View of a wedding procession from outside the front door of a house that I am staying at in San Miguel de Allende.
Mexico is a fiesta culture.....they celebrate everything here...well almost.....

In San Miguel de Allende,
there are many wedding processions and some that come right down the small cobblestone streets that are very common here. I heard the band playing so I had to go outside, and then saw the procession starting at the top of the street coming towards me....two large figures of colorful paper mache about 10 feet tall were among the crowd, dressed as a bride and groom. It is quite the visual when you first see one of these processions. I have seen a few here in San Miguel, including another one yesterday afternoon.

The bride and groom were surrounded by friends and family and almost everyone had a small ceramic shot glass of Tequila. A donkey was also walking towards the front of the procession with two boxes full of tequila bottles over its back and sides. An important part of the procession for sure.

I saw another wedding procession the next day, so I am combining photos from both.

Both the bride and groom are leading the large group. The tall figurines are also close to the front of the procession, as is the donkey.

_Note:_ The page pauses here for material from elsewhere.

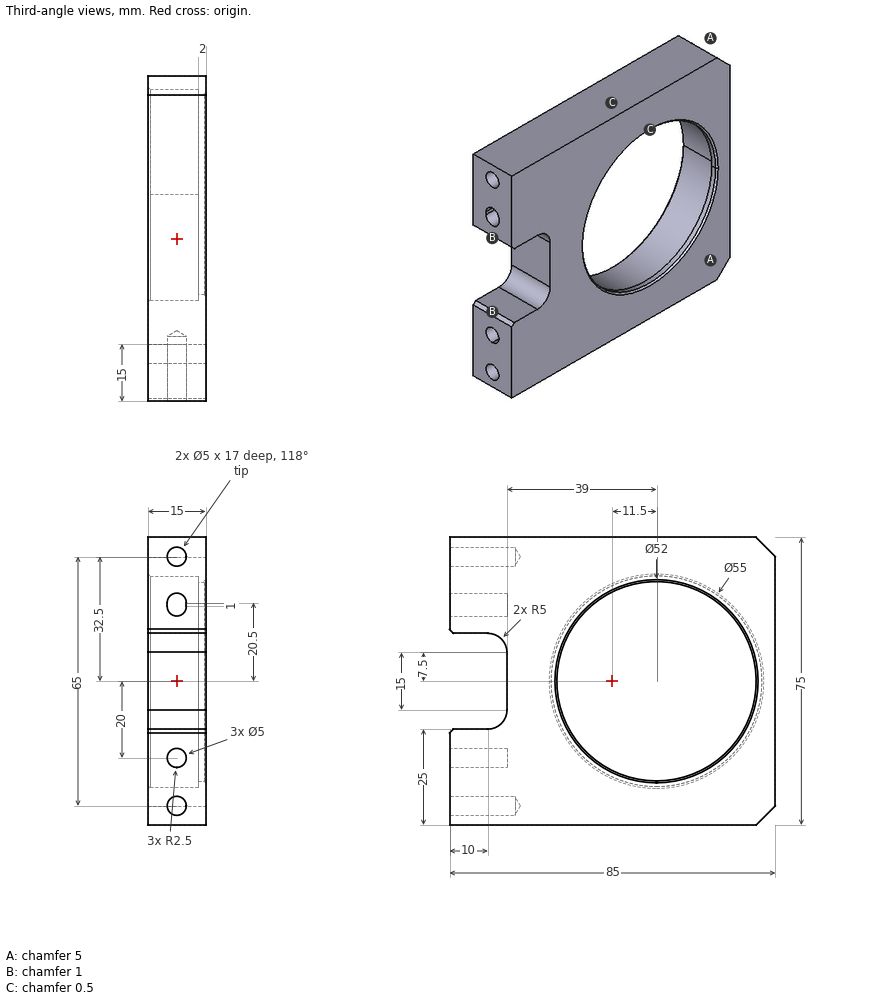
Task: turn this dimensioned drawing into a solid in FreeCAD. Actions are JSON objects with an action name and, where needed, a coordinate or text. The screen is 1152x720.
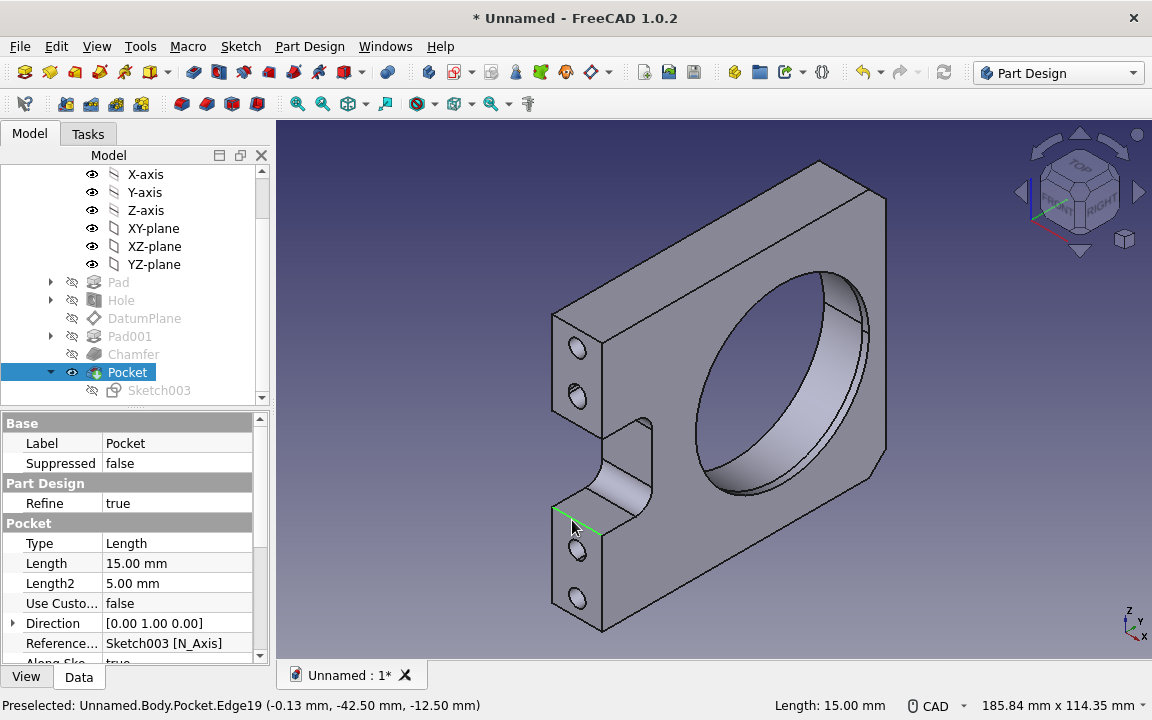
{"action": "key", "text": "2"}

Tequila servers make sure that glasses are not empty when desired to be full.

There is signing, band music - mariachis playing, laughing, and the type of mood you would expect for a wedding procession.

If you are a tourist and caught in the middle of one of these, stand aside, and don't be too obvious taking photos to respect the dignity of the event. Since I was in my doorway I was not visible by most, so was able to sneak in a few shots. Photos shots, not tequila shots :) Although I am tempted to toast the bride and groom after I get my thoughts and photos down on this page. Stay tuned.

Journey to Palenque - Part 1

I am in Palenque for two weeks, revisiting an amazing Mayan site. I was here twice in 1987.  I will be updating this blog post with new i...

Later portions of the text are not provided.